Aforementioned studies were performed at moderate Reynolds numbers (Re_c=5×10⁴—5×10⁵). Apart from these studies, Ikeda, Atobe, and Takagi^[13] numerically investigated NACA0012 and NACA0006 airfoils at a low Reynolds number (Re_c=1×10⁴). They concluded that at zero angle of attack wake instabilities dominate the tonal noise generation. As the angle of attack and freestream Mach number increase, T-S waves are enhanced and a feedback loop is gradually established to determine the tone frequencies. The underlying mechanism of the tonal noise generation seems to differ regarding different flow conditions, such as Reynolds numbers, angles of attack, and freestream Mach numbers.

The objective of the present study is two-fold: to put more insight into the tonal noise generation from an airfoil at both low and moderate Reynolds numbers, and to further examine the role of boundary layer instability on the suction and pressure side of the airfoil.Section Ⅱ gives an introduction of the numerical methods. Section Ⅲ presents analysis on acoustic fields and tonal noise generation mechanisms. Finally, concluding remarks are summarized in Section Ⅳ.

1 Numerical methods 1.1 Flow conditions

Flow past a symmetric airfoil NACA0015 with a sharp trailing edge is simulated. The freestream Mach number is M=0.2, and the Reynolds number based on the chord lengthC is chosen to be Re_c=1×10⁴ for low Reynolds number cases and Re_c=5×10⁴ for moderate Reynolds number cases. Three angles of attack, 0°, 2° and 4°, are investigated. Details of the flow conditions are listed in Table 1. For simplicity, the simulation cases are labeled using the Reynolds number and the angle of attack. For instance, R1A0 represents the case operating at Reynolds number of Re_c=1×10⁴ and zero angle of attack.

1.2 Numerical algorithm

The governing equations are two-dimensional unsteady compressible Navier-Stokes equations. A finite difference approach is used to solve the governing equations.
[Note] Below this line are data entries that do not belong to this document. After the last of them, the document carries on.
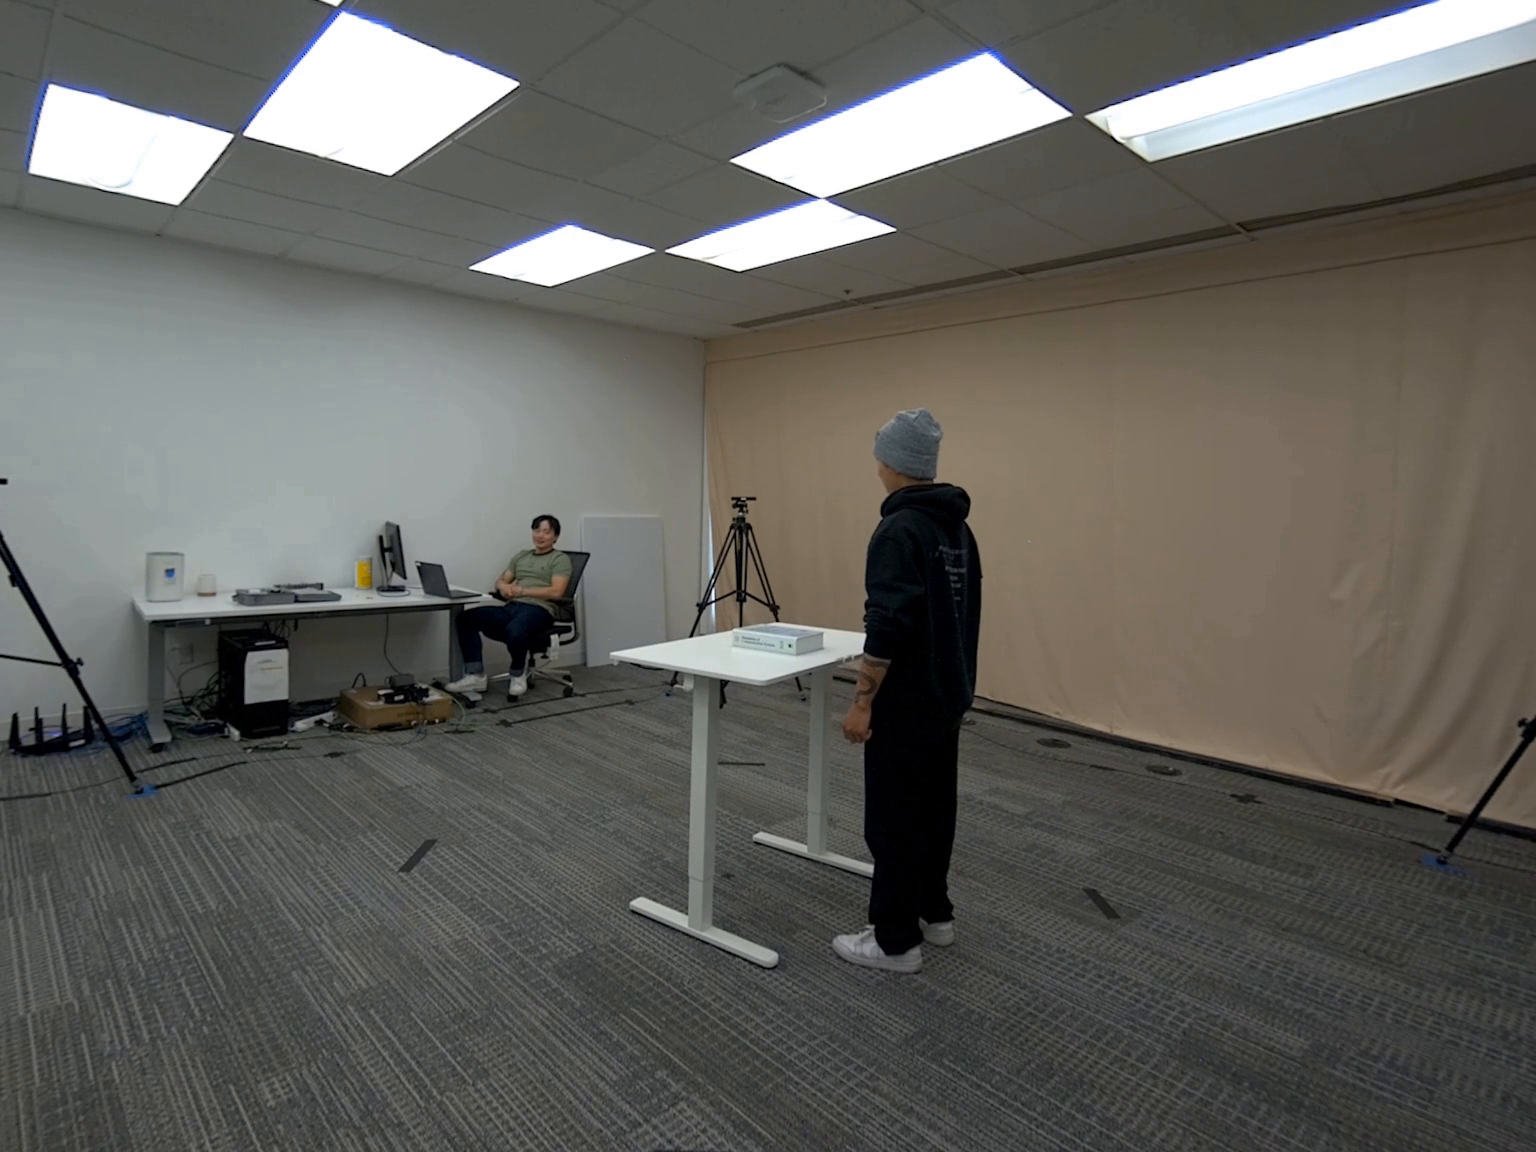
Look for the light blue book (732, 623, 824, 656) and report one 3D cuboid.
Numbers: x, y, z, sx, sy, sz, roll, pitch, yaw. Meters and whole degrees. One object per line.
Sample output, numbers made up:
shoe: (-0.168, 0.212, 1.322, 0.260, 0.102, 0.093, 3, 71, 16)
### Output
light blue book: (0.031, 0.220, 2.906, 0.267, 0.059, 0.187, 5, 7, 35)
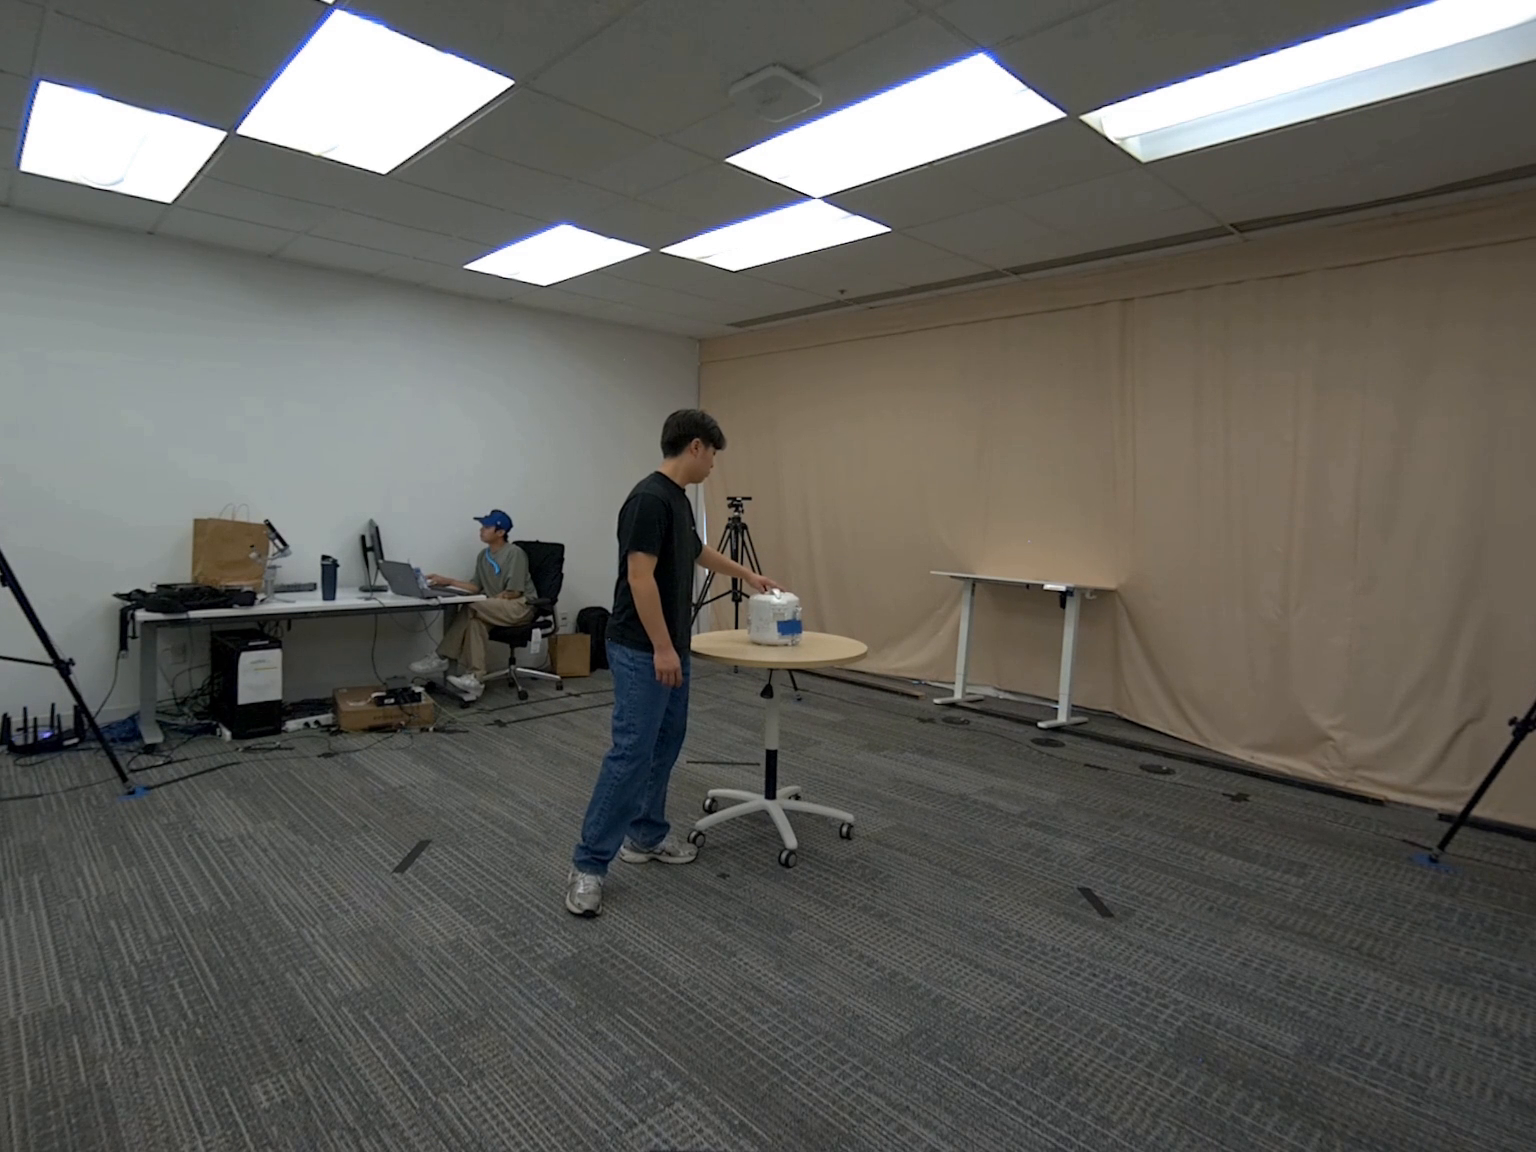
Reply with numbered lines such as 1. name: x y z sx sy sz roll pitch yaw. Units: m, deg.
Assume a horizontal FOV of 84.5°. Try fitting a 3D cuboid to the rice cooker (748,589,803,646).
1. rice cooker: 0.019 0.165 3.516 0.216 0.232 0.222 0 3 -9
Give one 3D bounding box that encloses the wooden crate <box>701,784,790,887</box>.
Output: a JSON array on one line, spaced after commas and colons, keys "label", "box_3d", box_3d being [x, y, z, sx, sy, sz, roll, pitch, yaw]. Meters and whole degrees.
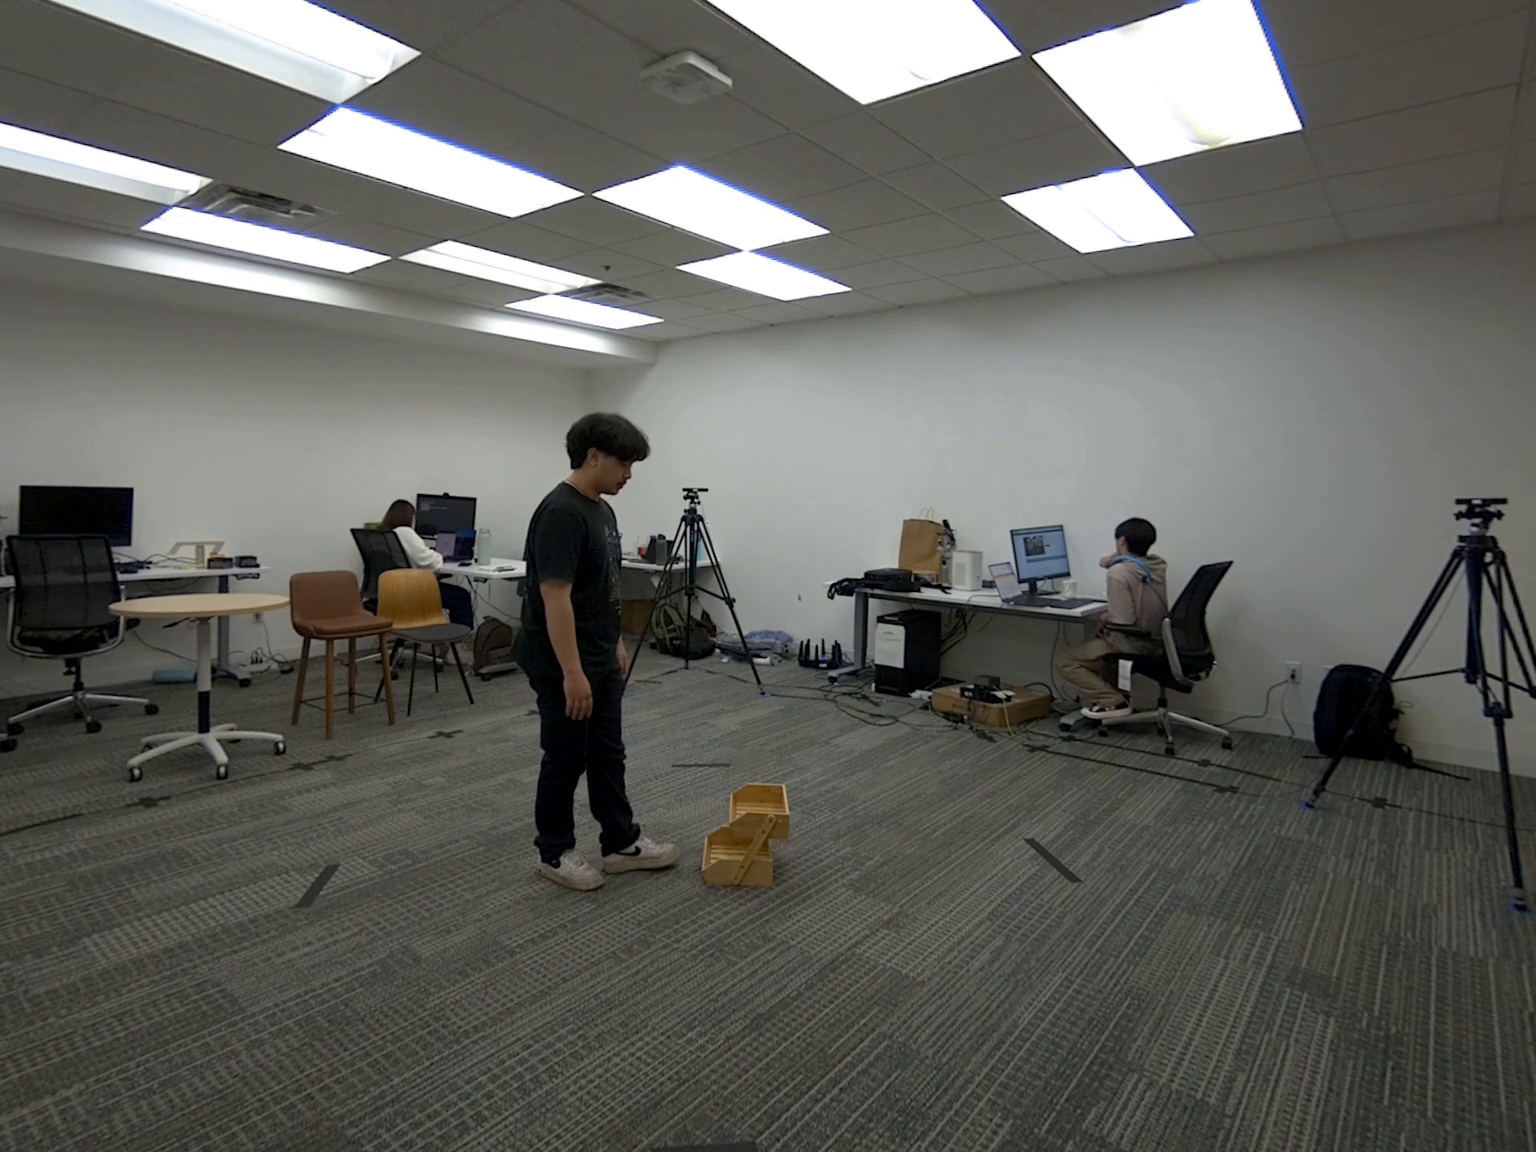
[{"label": "wooden crate", "box_3d": [-0.097, 0.940, 3.127, 0.302, 0.272, 0.326, 2, 4, -1]}]
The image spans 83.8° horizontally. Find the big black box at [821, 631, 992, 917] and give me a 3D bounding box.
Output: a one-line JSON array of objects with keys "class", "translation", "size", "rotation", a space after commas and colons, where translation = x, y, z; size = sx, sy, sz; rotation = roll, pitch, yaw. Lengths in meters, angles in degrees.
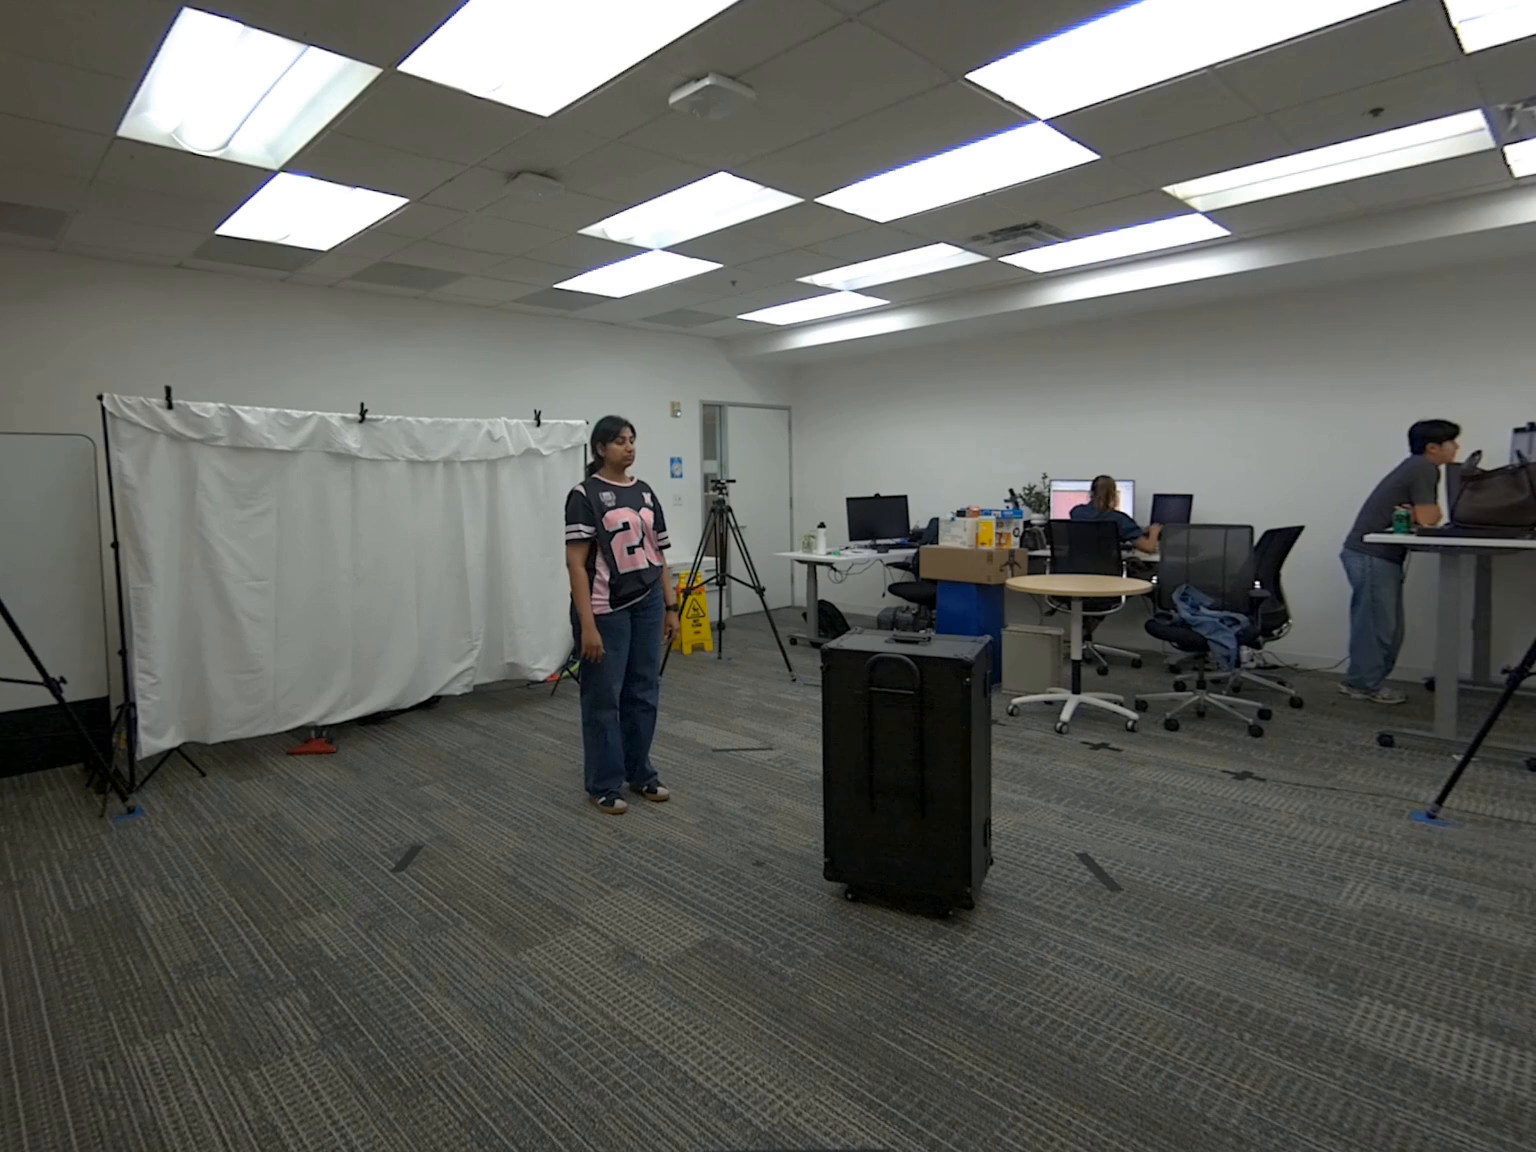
[{"class": "big black box", "translation": [0.476, 0.644, 2.839], "size": [0.536, 0.865, 0.378], "rotation": [1, 5, 26]}]
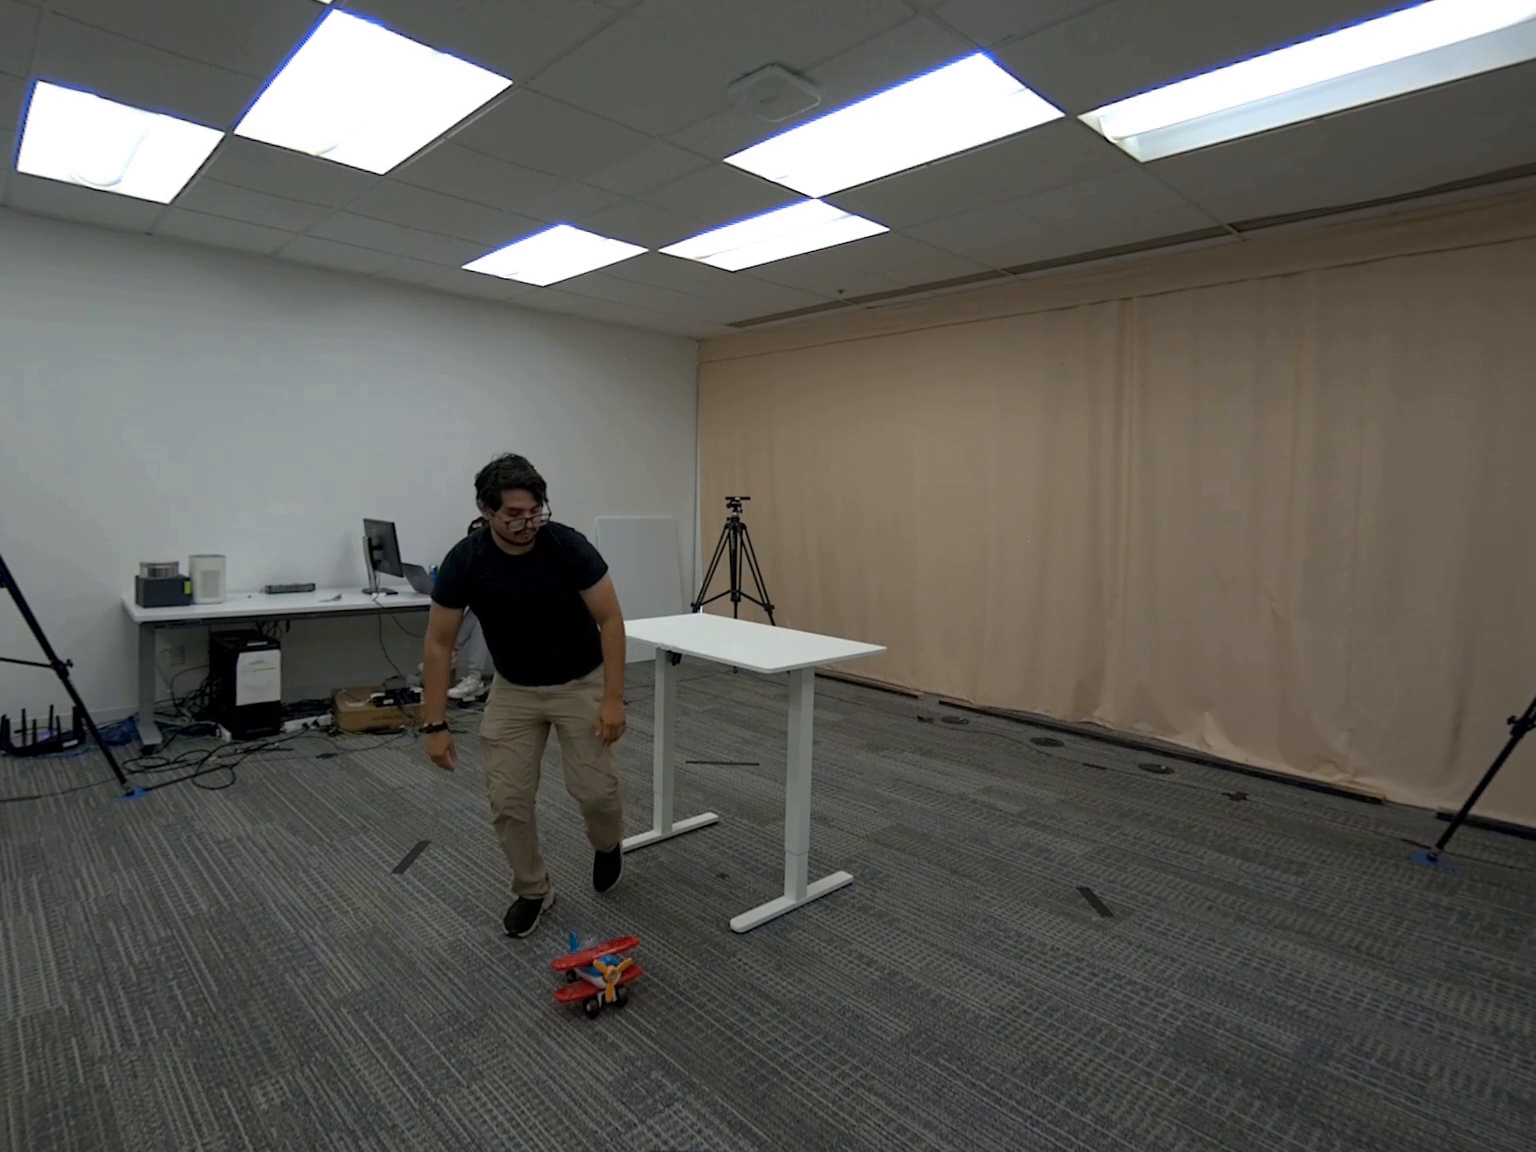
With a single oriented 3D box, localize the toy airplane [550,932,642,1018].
[{"bbox_3d":[-0.513,1.100,2.322,0.264,0.156,0.247,5,5,24],"label":"toy airplane"}]

In order to meet low-dispersive and low-dissipative requirements of turbulent flows and aerodynamic sound, the convective terms are discretized by means of a six-order compact differencing scheme in transformed curvilinear coordinates^[14-15]. An tenth-order low-pass spatial filtering scheme (with optimization parameter α_f=0.494^[14]) is applied at each time step on the conservative variables to ensure numerical stability. Viscous terms are evaluated by a sixth-order central differencing scheme. Alternate directional implicit symmetric Gauss-Seidel (ADI-SGS) scheme^[16] is performed for the time integration. A second-order temporal accuracy is obtained with three local subiterations to converge the Newton-Raphson subiterative process.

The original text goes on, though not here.